Already winner of the Hudson Prize from Black Lawrence Press, We Will Tell You Otherwise is an eclectic and sometimes harrowing set of stories. Mayer takes ordinary people and puts them extraordinary situations that are simply life. For example, the opening story tells the tale of a young boy’s first encounter with death: both a cadaver and a knife fight in the same night. In this story, “Don’t Tell Your Mother,” Mayer explores the coming of age narrative in a very different way.

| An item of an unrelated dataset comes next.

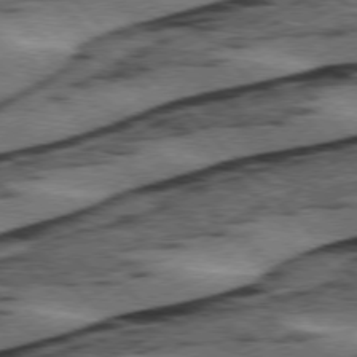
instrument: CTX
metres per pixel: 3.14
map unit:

Characters in Mayer’s collection often have a blunt or almost nonchalant way of talking about hard material. There’s the father whose son has cancer, who tells the reader plainly at the beginning of “Tell Me Something I Don’t Know,” that the cancer is “likely going to kill him eventually.” There’s the sister whose eight-year-old brother wants to be committed to an insane asylum who tells us “[t]he real problem with [her brother] is that he is eight and has yet to find his true calling.” We hear these stark, almost outlandish statements from people trying to order the chaos of their own lives into something manageable.

All of the characters are rich and unforgettable in Mayer’s collection. They all come to the page with their own unique set of problems and often leave with those same problems. And the reader is offered only a glimpse of what it all means. There’s a sense that the world is disorder, sadness, and sometimes joy. Sad characters laugh, miserable characters dream, and some of the most unfortunate of them all get away from what’s haunting them somehow.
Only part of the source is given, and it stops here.